Read in June 2010 (part two)

9. The Awakening, by Kate Chopin
Sentence by sentence, the prose isn't exactly my taste, but it builds a good story. I definitely had to wrestle with the main character and the ending, just to decide...what I thought of her.

10. Black and White Photography [Manifest Visions], ed. by James Luciana
Not really an aesthetic that interest me or speaks to me. A bit too...theatrical? There were some gems in there, though.

11. 50 Ways to Soothe Yourself Without Food, by Susan Albers
This book could have been called 50 Healthy Coping Mechanisms or 50 Healthy Ways to Soothe  Yourself. While it's aimed at addressing emotional eating, the destressing/soothing techniques they present are quite universally applicable

12. Charles Sheeler: The Photographs, ed. by Theodore E. Stebbins
What a wonderfully spare aesthetic he has. One of the old master photographers.

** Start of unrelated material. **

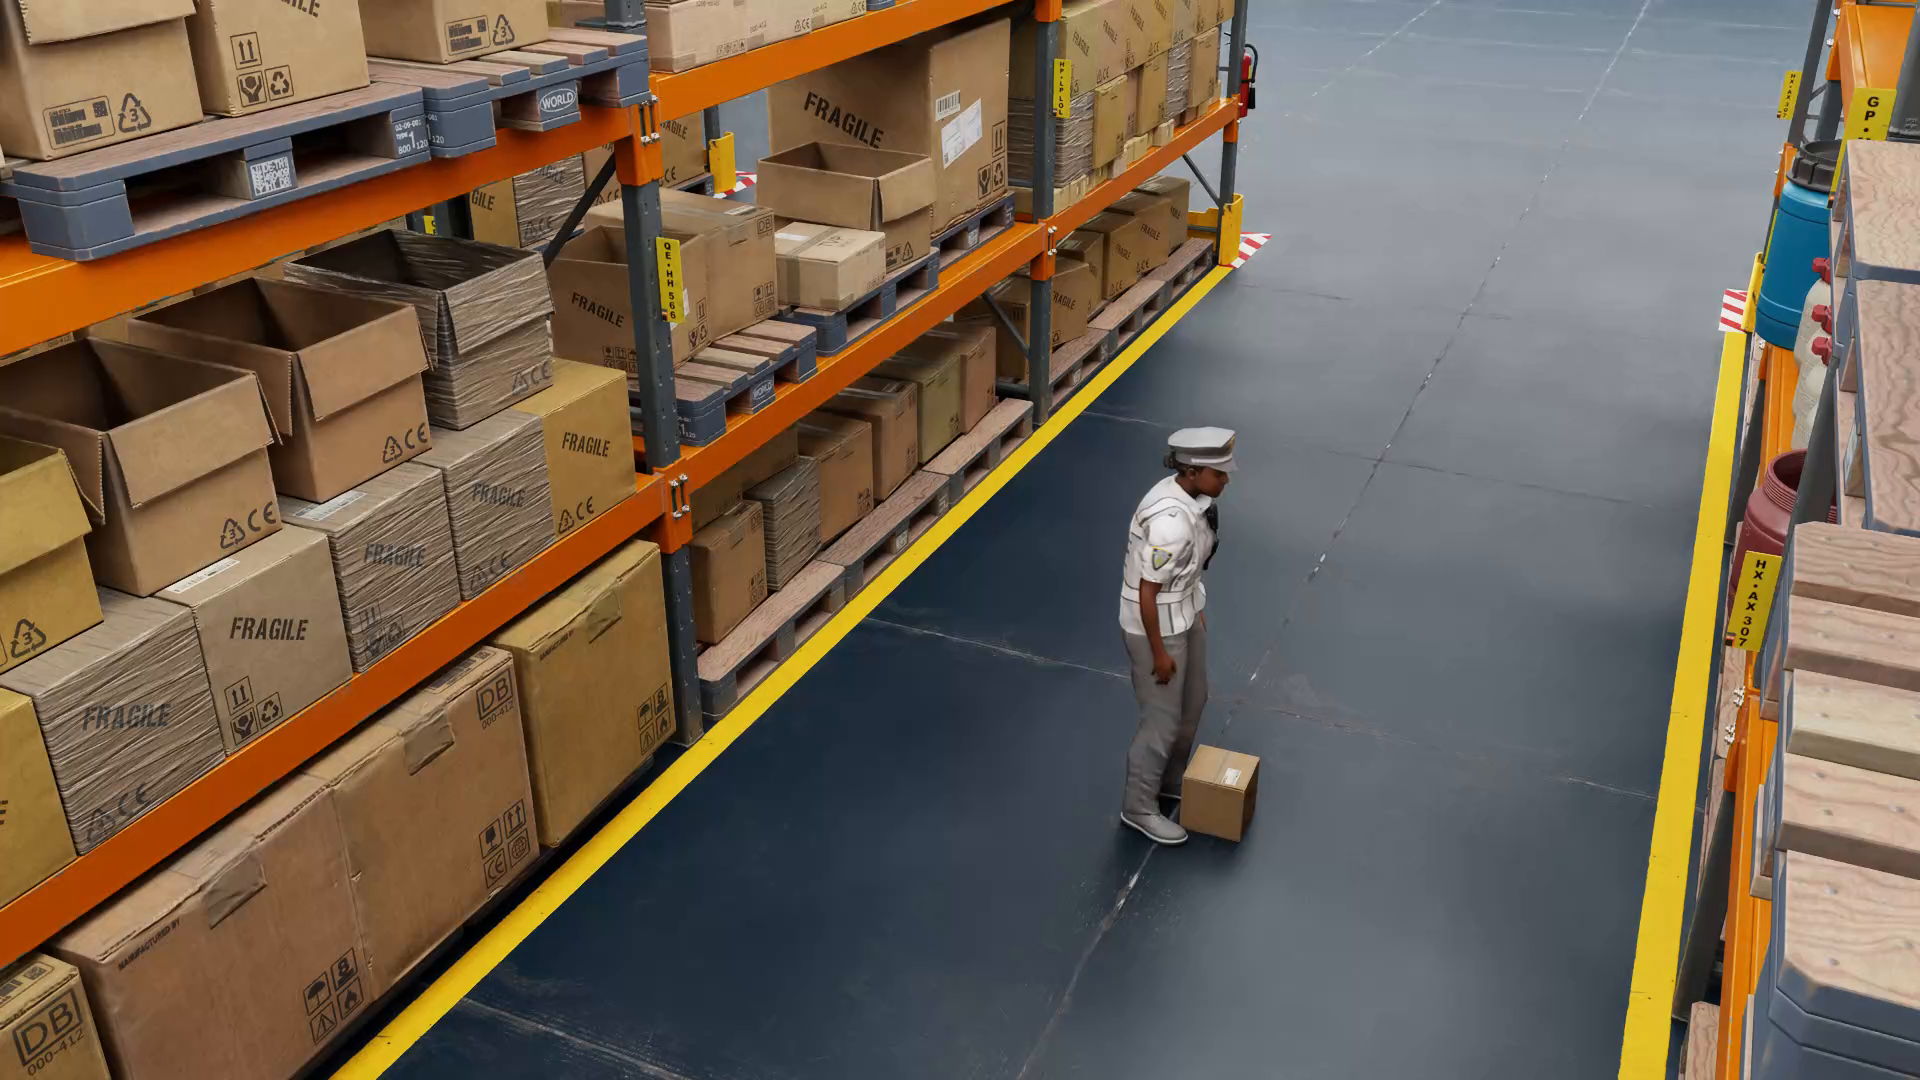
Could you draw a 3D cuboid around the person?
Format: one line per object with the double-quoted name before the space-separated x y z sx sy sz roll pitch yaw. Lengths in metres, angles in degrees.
"person" 0.830 0.344 6.417 0.416 1.659 0.505 12 29 22

13. A Geisha's Journey: My Life as a Kyoto Apprentice, by Naoyuki Ogino
Brief, interesting, and pretty to look at. [Photographs + interviews with the geisha in question.] For a while back in high school, I used to read everything geisha that I could get my hands on. Old habits die hard, I guess. :)

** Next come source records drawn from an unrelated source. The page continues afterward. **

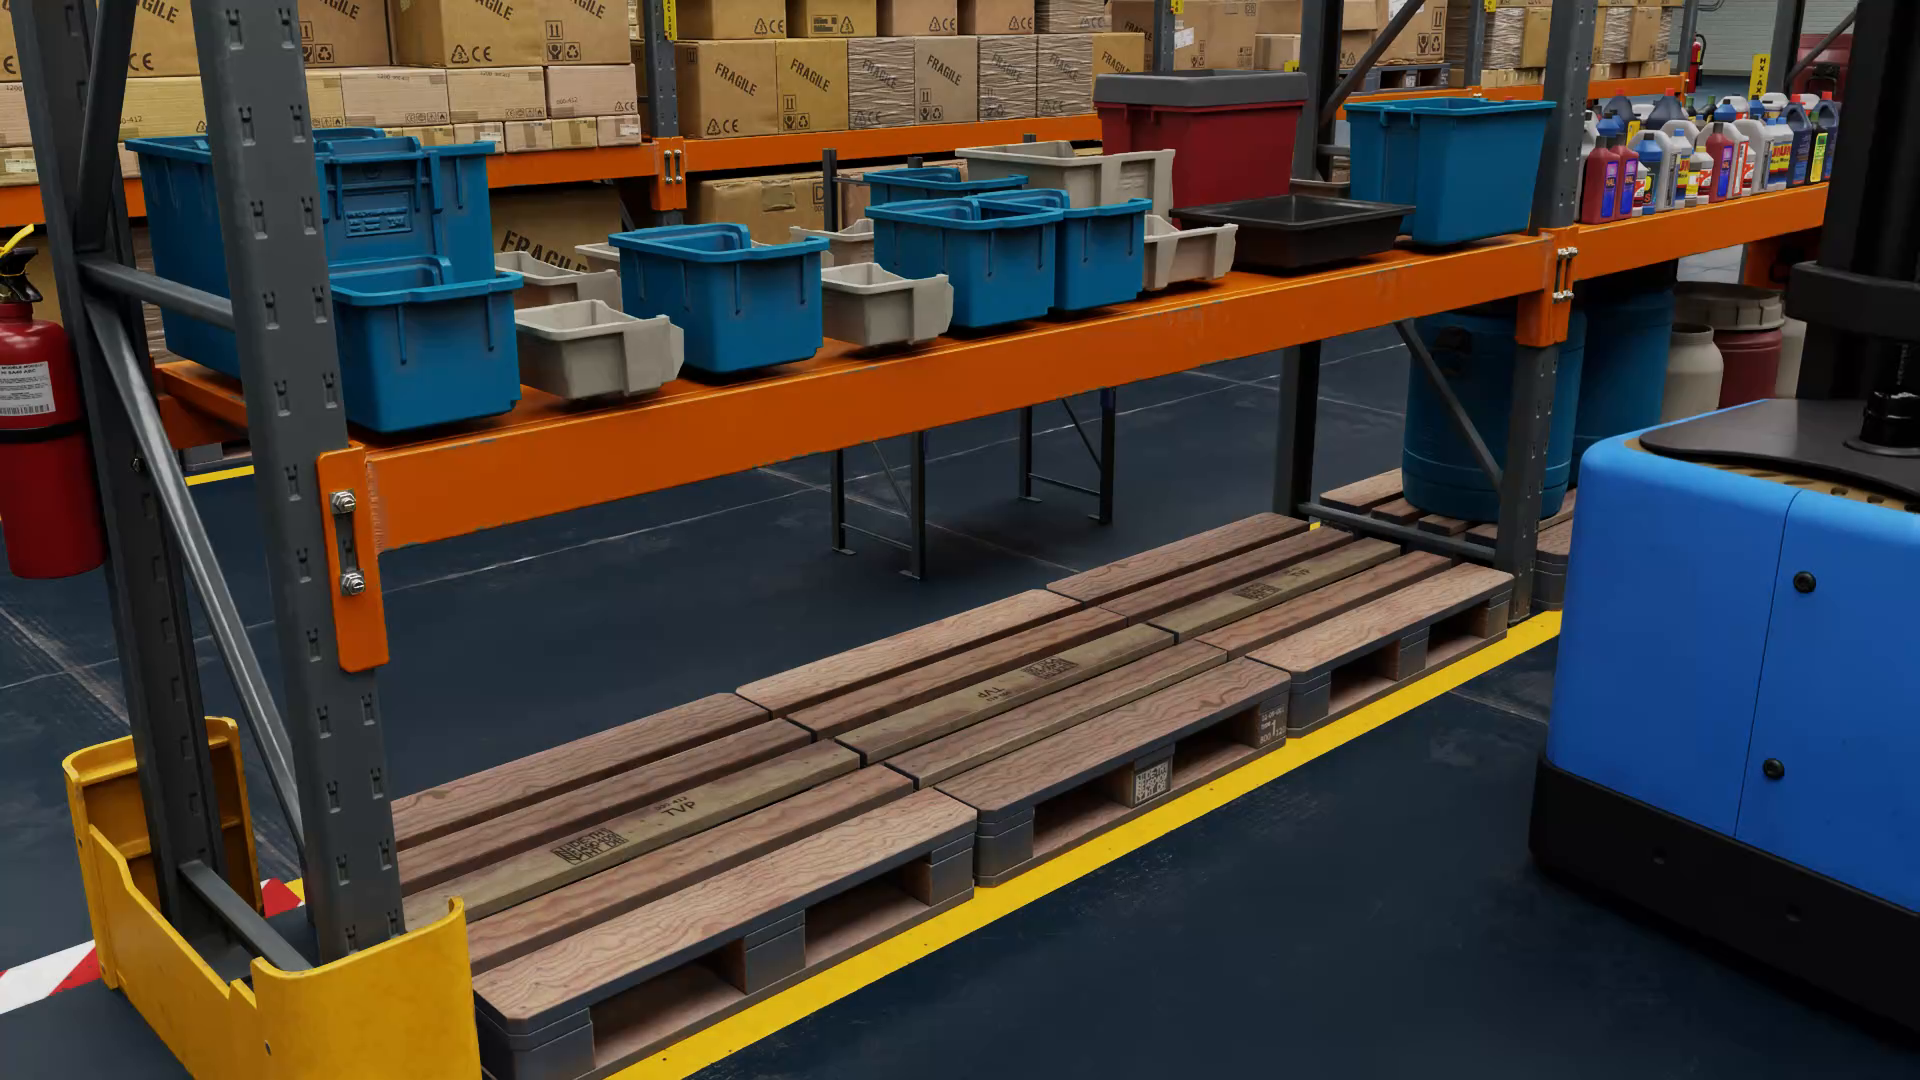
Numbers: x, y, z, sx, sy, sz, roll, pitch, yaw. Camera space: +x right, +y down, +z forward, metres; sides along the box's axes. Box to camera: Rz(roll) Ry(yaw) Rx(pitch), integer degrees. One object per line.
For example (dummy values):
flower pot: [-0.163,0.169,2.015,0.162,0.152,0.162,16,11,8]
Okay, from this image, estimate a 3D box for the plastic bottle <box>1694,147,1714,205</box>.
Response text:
plastic bottle: [2.660,-1.315,6.000,0.097,0.201,0.097,0,18,0]

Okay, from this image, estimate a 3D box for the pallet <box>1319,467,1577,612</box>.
pallet: [2.141,-0.087,6.412,1.213,0.211,1.003,-16,24,-41]

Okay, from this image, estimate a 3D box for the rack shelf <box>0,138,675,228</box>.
rack shelf: [-3.305,-1.604,7.734,4.000,0.370,1.077,-16,24,-41]

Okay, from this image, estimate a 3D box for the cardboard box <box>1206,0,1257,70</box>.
cardboard box: [1.757,-3.729,12.279,0.500,0.500,0.700,-12,22,-33]

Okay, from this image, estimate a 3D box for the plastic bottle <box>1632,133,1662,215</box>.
plastic bottle: [2.350,-1.258,5.710,0.097,0.271,0.097,0,18,0]

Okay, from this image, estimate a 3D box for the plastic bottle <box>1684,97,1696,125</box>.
plastic bottle: [3.289,-1.867,7.570,0.133,0.283,0.061,-16,24,-41]

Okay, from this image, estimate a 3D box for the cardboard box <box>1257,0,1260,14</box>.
cardboard box: [3.237,-6.560,19.862,0.550,0.550,0.875,-16,24,-41]

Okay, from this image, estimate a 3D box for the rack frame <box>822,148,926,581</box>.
rack frame: [-0.307,-0.624,5.977,0.032,1.500,0.500,-16,24,-41]

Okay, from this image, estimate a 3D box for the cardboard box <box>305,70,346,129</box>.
cardboard box: [-3.107,-1.962,7.435,0.500,0.250,0.500,-17,24,-42]

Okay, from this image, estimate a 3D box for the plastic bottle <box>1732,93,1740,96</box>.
plastic bottle: [3.651,-1.973,7.896,0.133,0.283,0.061,-16,24,-41]

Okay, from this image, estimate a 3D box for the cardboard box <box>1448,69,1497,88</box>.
cardboard box: [4.324,-3.924,14.130,0.250,0.149,0.380,-16,24,-41]

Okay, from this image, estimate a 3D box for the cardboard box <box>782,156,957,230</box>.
cardboard box: [-0.751,-1.888,10.210,1.225,0.875,0.875,17,24,42]

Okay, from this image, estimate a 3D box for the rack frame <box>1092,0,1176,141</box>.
rack frame: [1.055,-3.217,11.544,0.127,3.000,1.000,-16,24,-41]

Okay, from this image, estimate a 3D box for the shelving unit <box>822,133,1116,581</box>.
shelving unit: [0.062,-0.732,6.309,1.048,1.500,0.538,-16,24,-41]

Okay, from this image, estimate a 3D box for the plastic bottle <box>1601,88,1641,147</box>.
plastic bottle: [2.795,-1.738,7.061,0.185,0.351,0.144,-16,24,-41]

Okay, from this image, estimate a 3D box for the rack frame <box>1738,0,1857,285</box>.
rack frame: [4.458,-2.107,8.121,0.127,3.000,1.000,-16,24,-41]

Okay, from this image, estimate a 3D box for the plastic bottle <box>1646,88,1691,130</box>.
plastic bottle: [2.997,-1.732,7.044,0.185,0.351,0.144,-16,24,-41]

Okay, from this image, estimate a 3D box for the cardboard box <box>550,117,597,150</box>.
cardboard box: [-2.035,-2.057,8.374,0.250,0.149,0.380,-16,24,-40]

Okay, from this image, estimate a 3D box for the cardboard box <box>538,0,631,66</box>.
cardboard box: [-2.002,-2.639,8.306,0.500,0.500,0.500,-15,23,-39]

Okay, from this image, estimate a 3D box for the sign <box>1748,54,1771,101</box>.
sign: [4.075,-2.307,8.471,0.005,0.325,0.100,-16,24,-41]

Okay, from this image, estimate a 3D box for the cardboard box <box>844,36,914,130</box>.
cardboard box: [-0.617,-2.671,9.698,0.500,0.500,0.500,-17,25,-42]

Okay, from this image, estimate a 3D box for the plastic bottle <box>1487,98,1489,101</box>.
plastic bottle: [1.995,-1.504,6.341,0.185,0.351,0.144,-16,24,-41]

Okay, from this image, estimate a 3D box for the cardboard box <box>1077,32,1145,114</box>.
cardboard box: [0.867,-3.105,11.035,0.500,0.500,0.500,-15,23,-39]

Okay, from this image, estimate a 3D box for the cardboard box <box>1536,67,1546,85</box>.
cardboard box: [5.063,-4.132,14.772,0.250,0.149,0.380,-16,24,-41]

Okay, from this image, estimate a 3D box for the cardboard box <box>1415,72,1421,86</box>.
cardboard box: [3.916,-4.057,14.541,0.250,0.149,0.380,-16,24,-41]

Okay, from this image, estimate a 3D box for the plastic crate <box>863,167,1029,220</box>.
plastic crate: [-0.039,-0.854,4.428,0.300,0.233,0.416,-16,24,-41]

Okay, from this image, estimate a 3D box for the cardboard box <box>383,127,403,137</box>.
cardboard box: [-2.781,-1.840,7.703,0.250,0.149,0.380,-17,24,-42]

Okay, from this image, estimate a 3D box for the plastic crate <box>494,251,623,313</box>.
plastic crate: [-0.887,-0.529,3.582,0.243,0.136,0.396,-16,24,-41]

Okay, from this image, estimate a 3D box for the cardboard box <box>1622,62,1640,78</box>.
cardboard box: [6.282,-4.519,15.968,0.250,0.149,0.380,-16,24,-41]

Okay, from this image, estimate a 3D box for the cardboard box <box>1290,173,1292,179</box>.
cardboard box: [2.330,-2.626,13.060,0.500,0.500,0.700,-14,23,-36]

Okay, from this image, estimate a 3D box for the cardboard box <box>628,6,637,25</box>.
cardboard box: [-2.886,-4.341,13.773,0.250,0.149,0.380,-15,23,-39]

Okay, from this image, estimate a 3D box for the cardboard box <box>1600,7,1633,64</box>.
cardboard box: [5.776,-4.762,15.664,0.500,0.500,0.875,-16,24,-41]

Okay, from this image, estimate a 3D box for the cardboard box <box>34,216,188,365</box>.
cardboard box: [-3.687,-1.058,7.647,0.875,0.875,0.875,-16,24,-41]

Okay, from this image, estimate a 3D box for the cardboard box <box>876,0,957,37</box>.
cardboard box: [-0.446,-3.310,10.041,0.637,0.503,0.797,-15,23,-39]

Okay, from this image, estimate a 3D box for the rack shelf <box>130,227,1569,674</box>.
rack shelf: [0.098,-0.494,4.310,4.000,0.370,1.077,-16,24,-41]

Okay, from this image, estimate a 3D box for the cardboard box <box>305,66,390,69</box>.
cardboard box: [-3.110,-2.184,8.117,0.500,0.250,0.500,-16,24,-39]

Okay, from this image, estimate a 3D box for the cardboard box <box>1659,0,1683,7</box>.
cardboard box: [6.638,-5.405,16.027,0.500,0.500,0.500,-16,24,-41]

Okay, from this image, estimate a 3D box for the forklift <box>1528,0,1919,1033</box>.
forklift: [2.846,-0.740,4.015,3.031,2.935,1.130,-13,22,-35]

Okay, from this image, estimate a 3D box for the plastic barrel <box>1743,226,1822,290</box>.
plastic barrel: [4.114,-1.167,8.059,0.708,0.830,0.600,-16,24,-41]

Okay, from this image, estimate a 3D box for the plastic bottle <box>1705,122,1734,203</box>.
plastic bottle: [2.756,-1.375,6.050,0.133,0.283,0.061,-16,24,-41]

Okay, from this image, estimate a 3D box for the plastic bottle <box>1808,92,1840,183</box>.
plastic bottle: [3.482,-1.636,6.747,0.185,0.351,0.144,-16,24,-41]

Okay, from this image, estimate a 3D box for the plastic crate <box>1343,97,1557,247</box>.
plastic crate: [1.447,-1.105,4.959,0.575,0.384,0.392,-16,24,-41]

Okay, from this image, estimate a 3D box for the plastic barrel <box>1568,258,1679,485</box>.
plastic barrel: [2.473,-0.723,6.572,0.708,0.901,0.600,-16,24,-41]

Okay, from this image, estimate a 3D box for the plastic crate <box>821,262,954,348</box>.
plastic crate: [-0.167,-0.487,3.453,0.298,0.136,0.250,-16,24,-41]

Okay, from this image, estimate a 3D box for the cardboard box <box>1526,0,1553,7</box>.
cardboard box: [4.825,-4.874,14.389,0.500,0.500,0.500,-16,24,-41]

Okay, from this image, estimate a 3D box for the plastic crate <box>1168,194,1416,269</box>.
plastic crate: [0.923,-0.860,4.623,0.590,0.125,0.437,-16,24,-41]

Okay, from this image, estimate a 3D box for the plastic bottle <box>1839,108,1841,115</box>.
plastic bottle: [3.627,-1.628,6.833,0.133,0.283,0.061,-16,24,-41]

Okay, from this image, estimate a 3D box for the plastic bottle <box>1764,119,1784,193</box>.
plastic bottle: [3.094,-1.475,6.379,0.097,0.271,0.097,0,18,0]

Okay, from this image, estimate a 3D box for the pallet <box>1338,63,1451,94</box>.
pallet: [3.306,-3.844,13.789,1.213,0.211,1.003,-16,24,-41]

14. Photographs: Annie Leibovitz, 1970-1990, by Annie Leibovitz
She's so flippin' talented; her pictures just light the inside of my head up. In some of her pictures, you just KNOW that she's captured more of her subjects than they meant to show of themselves. Just brilliant. You gotta check out her book Women too.

15. Adam: God's Beloved, by Henri Nouwen
I love this writer, but this one didn't communicate that much to me. Possibly because he died before it was completely through the publishing process? Anyways, it's about the author's time (he's a theologian) living in a community for mentally disabled people. The main thing I took from it is the idea that because God's love for us depends on nothing, we are freed to simply and peacefully be.